Last Updated on March 30, 2022 by Ria Pathak Sorting

Medium

### Problem Statement (Simplified):

For a given array, shift elements to the back of array until you get the minimum value of the whole array, repeat until the whole array is emptied. Find such a total number of steps and print.

See original problem statement here

Input:
4
8 5 2 3

Output:
7

### Explanation:

In the given example [8,5,2,3], the minimum value of bad deed is 2.

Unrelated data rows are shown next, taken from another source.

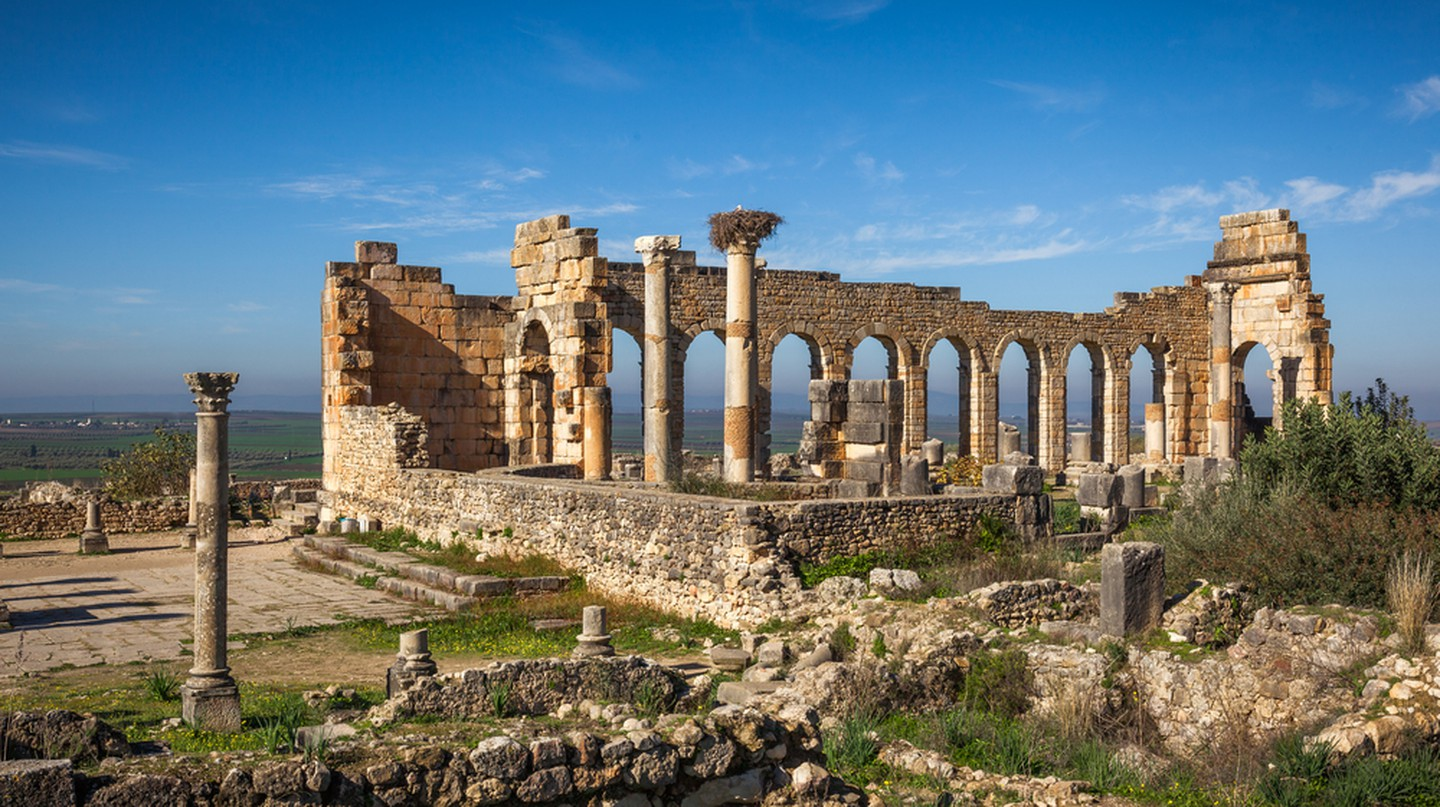Can you explain the architectural styles visible in this image? Certainly! The ruins of Volubilis exhibit a blend of Roman and local architectural styles, showcasing the cultural synthesis typical of Roman provincial cities. The iconic columns and arches show classical Roman design, known for its emphasis on symmetry, geometry, and the use of locally sourced limestone. Additionally, the ruins include elements like the basilica and the triumphal arch, which were central to Roman towns. Some local influences can be seen in the adaptation of the buildings to the local climate, including thicker walls and the use of local decorative motifs. 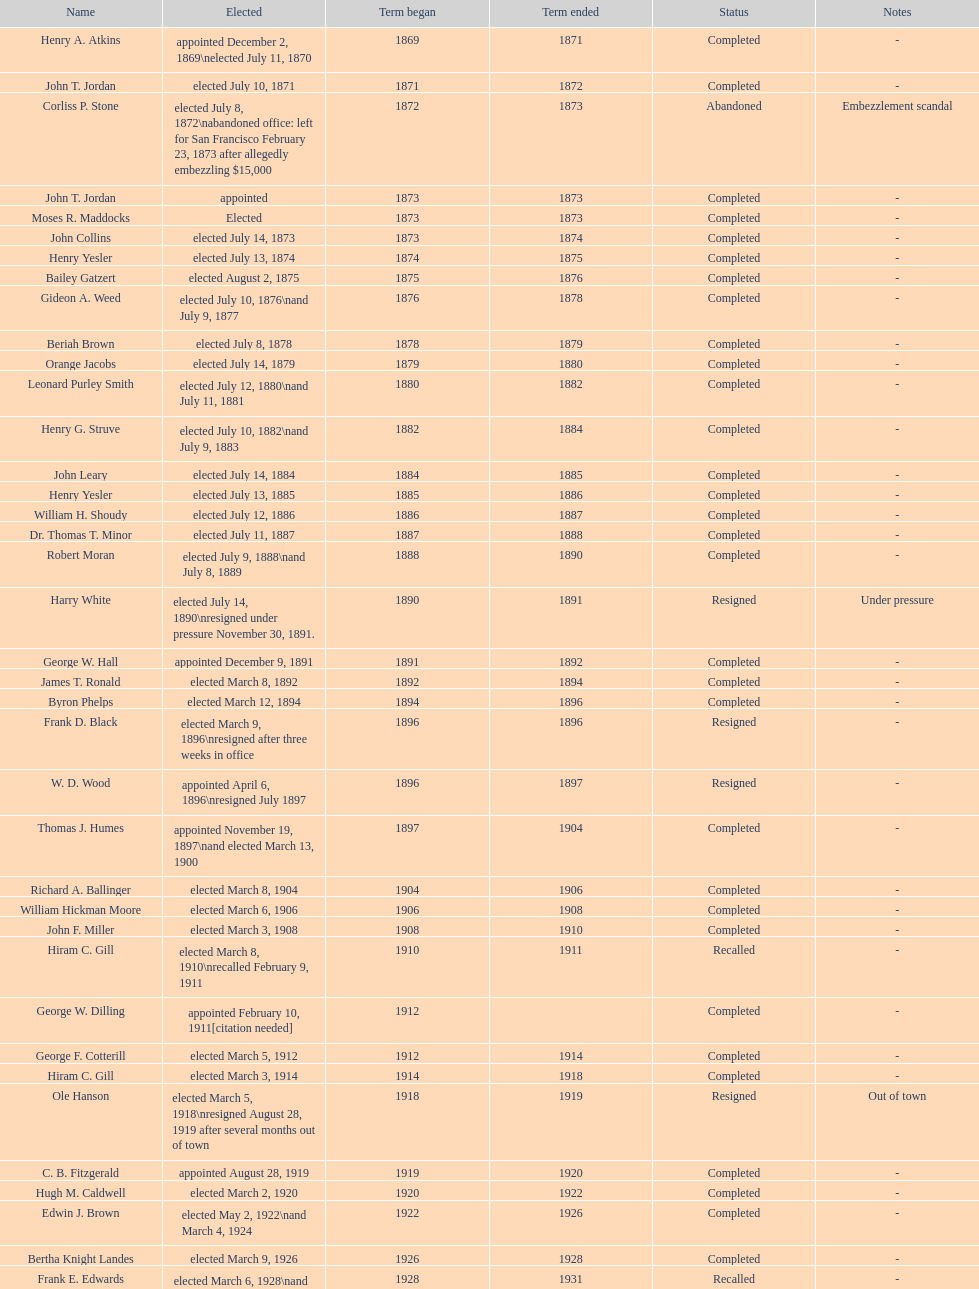During 1871, who was the only one that managed to get elected? John T. Jordan. 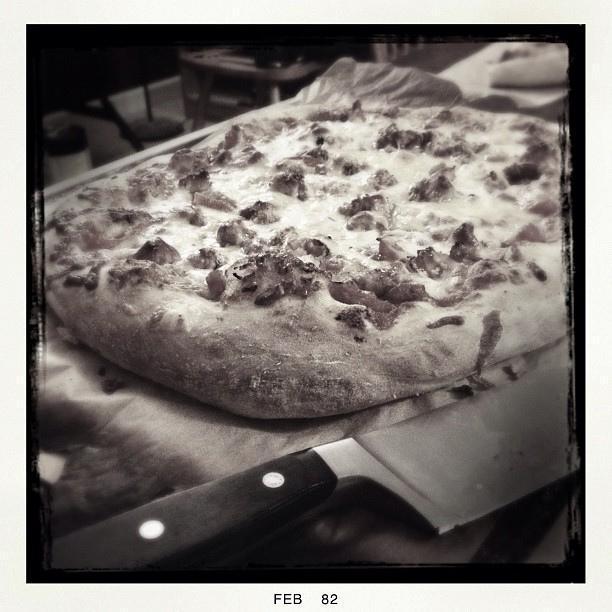Is the given caption "The knife is under the pizza." fitting for the image?
Answer yes or no. No. 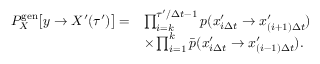Convert formula to latex. <formula><loc_0><loc_0><loc_500><loc_500>\begin{array} { r l } { P _ { X } ^ { g e n } \left [ y \to X ^ { \prime } ( \tau ^ { \prime } ) \right ] = } & { \prod _ { i = k } ^ { \tau ^ { \prime } / \Delta t - 1 } p ( x _ { i \Delta t } ^ { \prime } \to x _ { ( i + 1 ) \Delta t } ^ { \prime } ) } \\ & { \times \prod _ { i = 1 } ^ { k } \bar { p } ( x _ { i \Delta t } ^ { \prime } \to x _ { ( i - 1 ) \Delta t } ^ { \prime } ) . } \end{array}</formula> 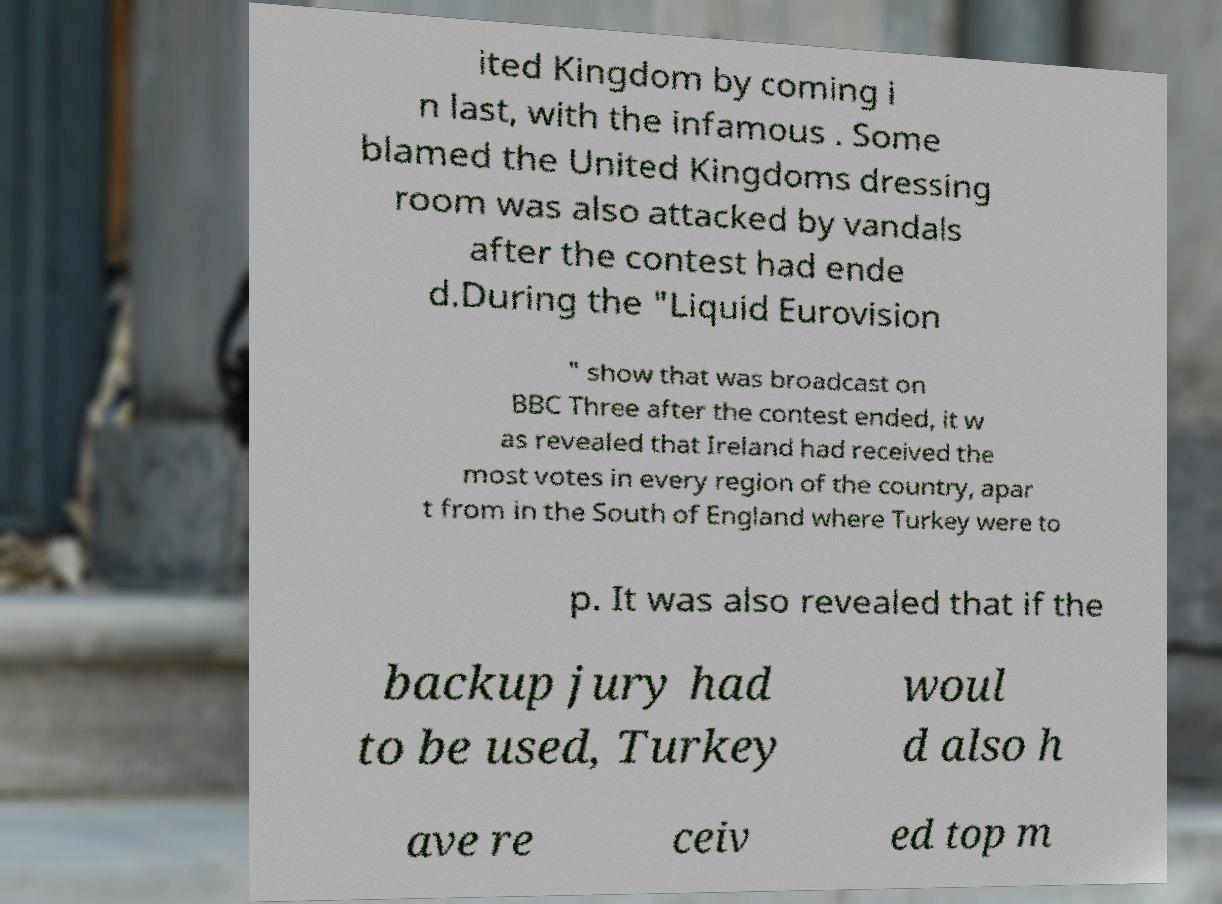Please read and relay the text visible in this image. What does it say? ited Kingdom by coming i n last, with the infamous . Some blamed the United Kingdoms dressing room was also attacked by vandals after the contest had ende d.During the "Liquid Eurovision " show that was broadcast on BBC Three after the contest ended, it w as revealed that Ireland had received the most votes in every region of the country, apar t from in the South of England where Turkey were to p. It was also revealed that if the backup jury had to be used, Turkey woul d also h ave re ceiv ed top m 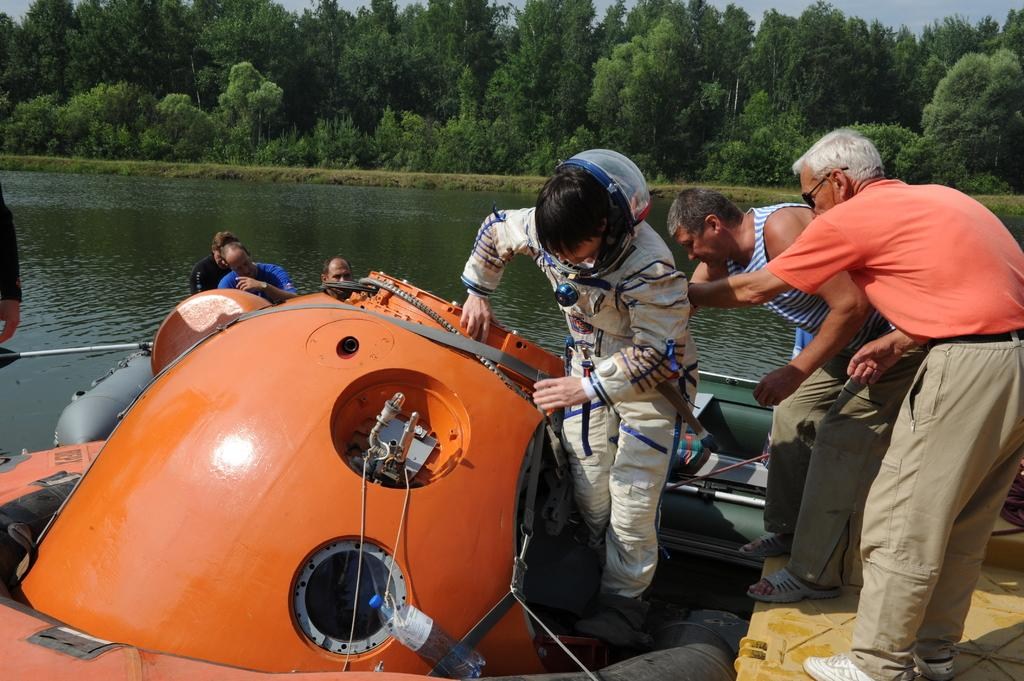What are the people in the image doing? The people in the image are standing on a boat. What can be seen in the background of the image? There is water, trees, and the sky visible in the background of the image. Can you describe the clothing of one of the people on the boat? A person in the middle of the boat is wearing a white color suit. What type of root can be seen growing on the boat in the image? There are no roots visible on the boat in the image. How does the pig contribute to the atmosphere on the boat in the image? There are no pigs present in the image; it only features people standing on a boat. 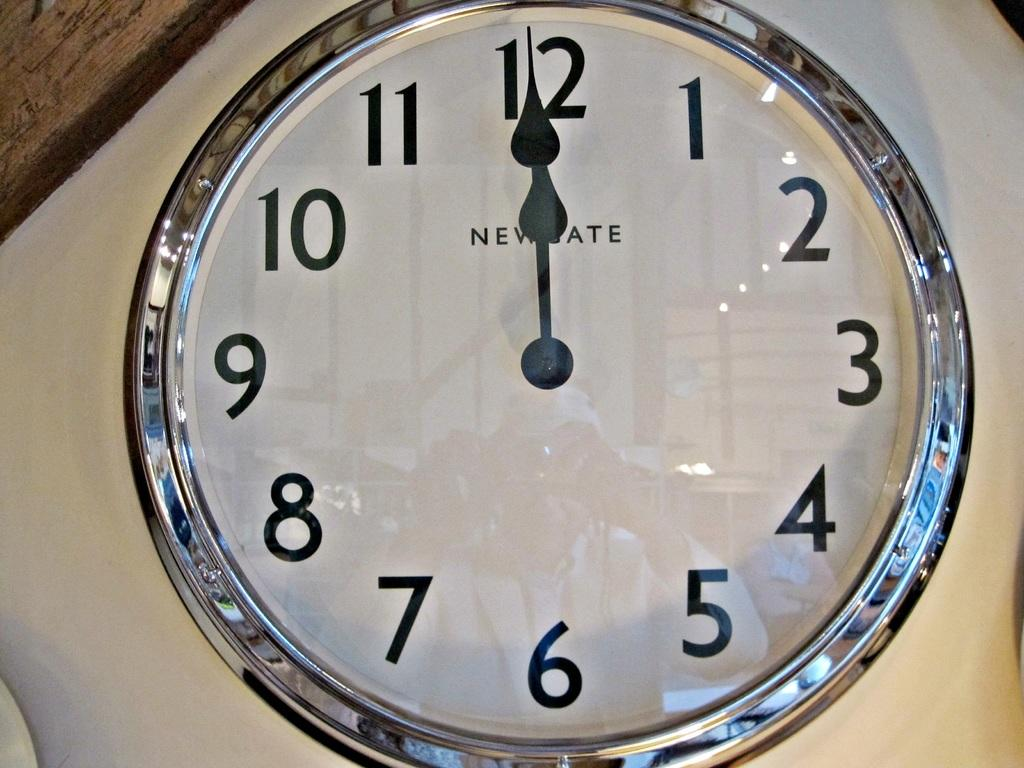What object in the image tells the time? There is a clock in the image that tells the time. What is the color of the surface on which the clock is placed? The clock is on a white surface. What type of snake is crawling on the clock in the image? There is no snake present in the image; it only features a clock on a white surface. 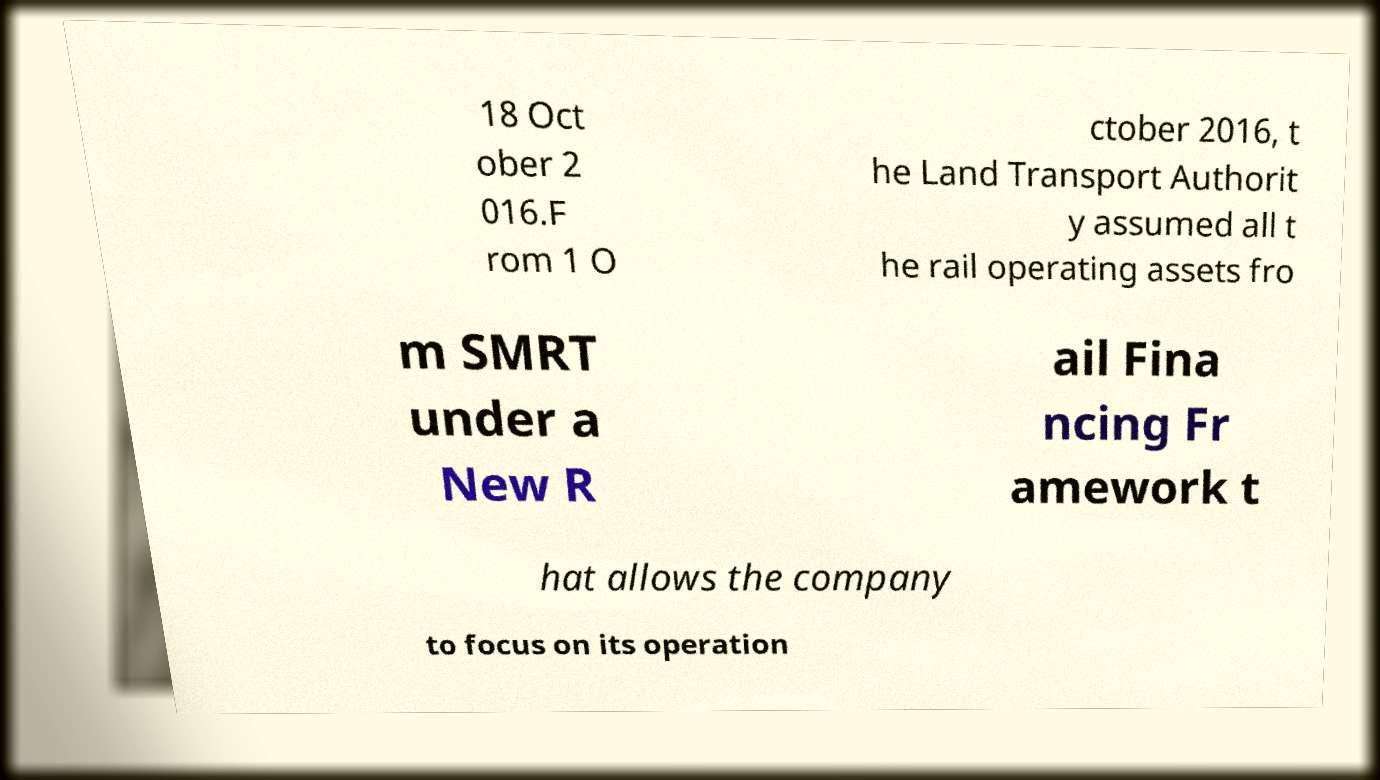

1. God first looks at the soul having value 8 on it, he sends him to the end of the queue as 8!=2. Updated line – [5,2,3,8].
2. God looks at the soul having value 5 on it, he sends him to the end of the queue as 5!=2. Updated line – [2,3,8,5].
3. God looks at the soul having value 2 on it, he gives Salvation to this soul because 2==2. Updated line – [3,8,5] and the new minimum value is 3.
4. God looks at the soul having value 3 on it, he gives salvation to this soul because 3==3. Updated line – [8,5] and the new minimum value is 5.
5. God looks at the soul having value 8 on it, he sends him to the end of the queue as 8!=5. Updated line – [5,8].
6. God looks at the soul having value 5 on it, he gives salvation to this soul because 5==5. Updated line –  and the new minimum value is 8.
7. God looks at the soul having value 8 on it, he gives Salvation to this soul because 8==8. Updated line – Empty.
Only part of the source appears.